And even if you could … you still can’t predict tomorrow’s ice storm or traffic patterns from Antarctica or some other novel, chaotic entrant. It’s a fool’s game to try.
So does everyone else
You can’t spin up a copy of Facebook. You can’t spin up a copy of the national power grid. Some things just aren’t amenable to cloning. And that’s fine.
You just can’t usefully mimic the qualities of size and chaos that tease out the long thin tail of bugs or behavior.
And you shouldn’t try.
It’s probably fine
There’s a lot of value in testing: to a point. But if you can catch 80-90% of the bugs with 10-20% of the effort — and you can! – the rest is more usefully poured into making your systems resilient, not preventing failure.
You should actually be practicing failure regularly. Ideally, everyone who has access to production knows how to do a deploy and rollback, or how to get to a known-good state fast. Everyone should know what a normally-operating system looks like, and how to debug basic problems. This should not be a rare occurrence.
If you test in production, it won’t be. I’m talking about things like “does this have a memory leak?” Maybe run it as a canary on five hosts overnight and see. “does this functionality work as planned?” At some point, just ship it with a feature flag so only certain users can exercise it. Stuff like that. Ship it and see.
You’ve got bigger problems
You’re shipping code every day and causing self-inflicted damage on the regular, and you can’t tell what it’s doing before, during or after. It’s not the breaking shit that’s the problem: you can break things safely, it’s the second part that’s not ok. Your bigger problem can be addressed by:
- Canarying. Automated canarying. Automated canarying in graduated levels with automatic promotion. Multiple canaries in simultaneous flight!
- Making your deploys more automated and robust, and faster in general (5 min upper bound is good)
- Making rollbacks wicked fast and reliable.
- Instrumentation, observability, early warning signs for staged canaries. End to end health checks of key endpoints.
- Choosing good defaults. Feature flags. Developer tooling.
- Educating, sharing best practices, standardizing practices, making the easy/fast way the right way.
- Taking as much code and as many backend components as possible out of the critical path. Limiting the blast radius of any given user or change.
- Exploring production, verifying that the expected changes are what actually happened, understanding what normal looks like.
These things are all a great use of your time. Do those things.

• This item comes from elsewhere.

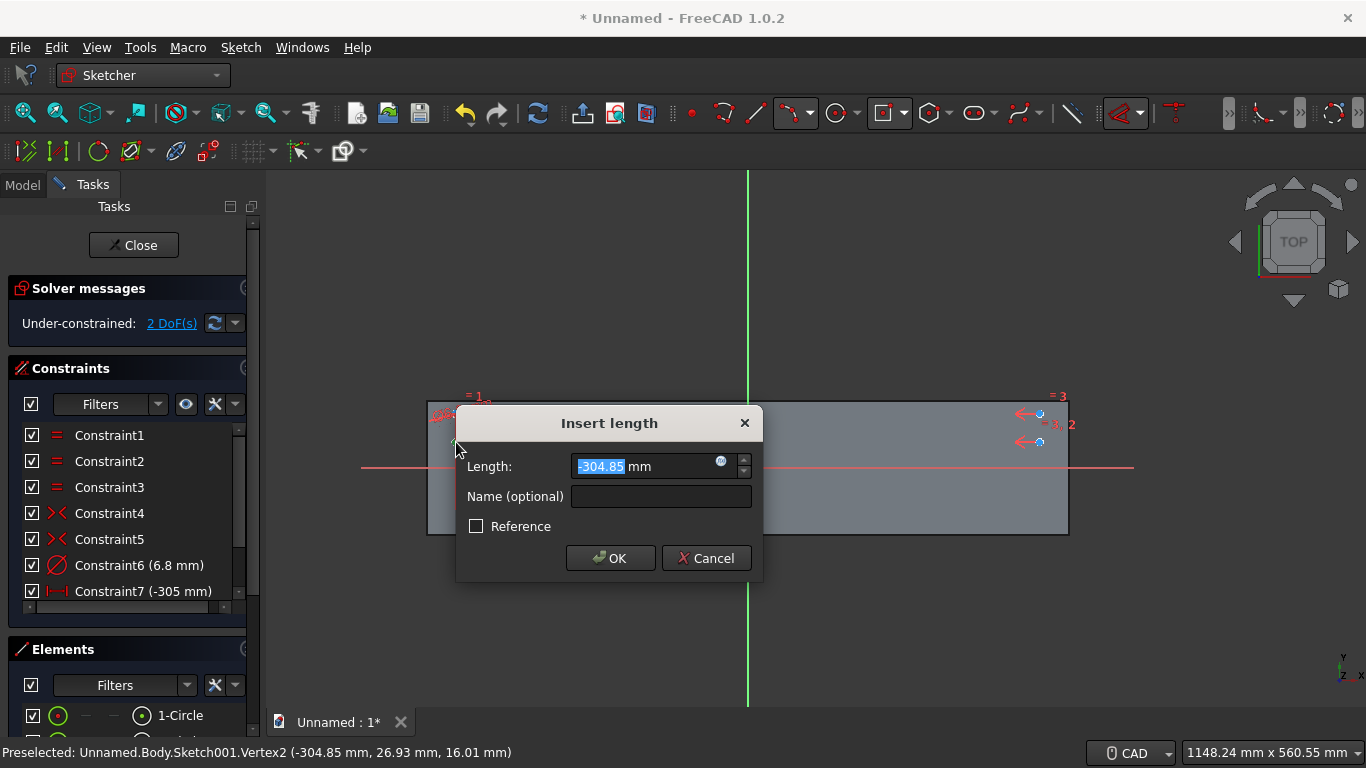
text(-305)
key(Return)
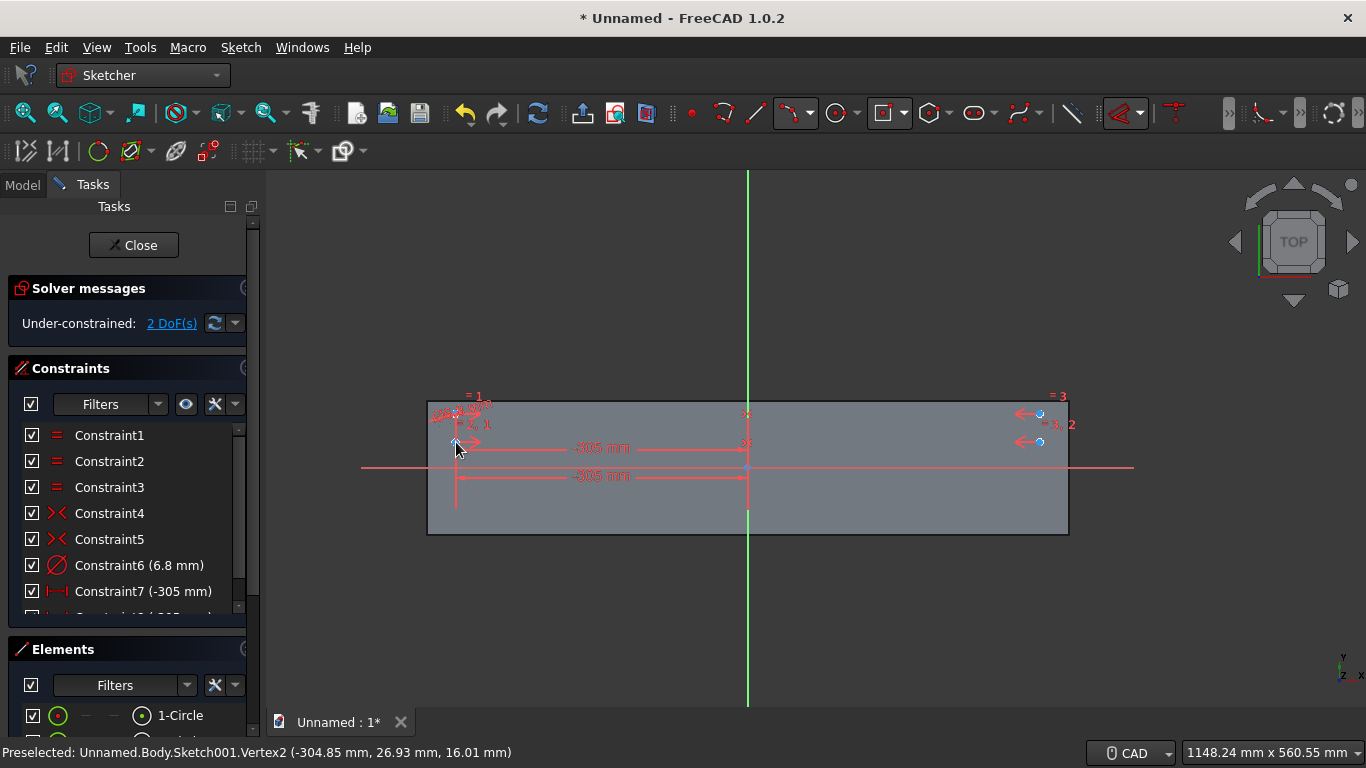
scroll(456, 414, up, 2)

Chaos and failure are your friend
Release engineering is a systematically under-invested-in skill set at companies with >50 people. Your deploys are the cause of nearly all your failures, because they inject chaos into your system. Having a staging copy of production is not going to do much to change that (and it adds a large category of problems colloquially known as “it looked just like production soooo I just dropped that table …”).
Embrace failure. The question is not “if” you will fail, it is when you will fail, and whether you will notice, and whether it will annoy all your users because the entire site is down or if it will be annoying to a few users until you fix it at your leisure the next morning.
Lean into it. It’s probably fine.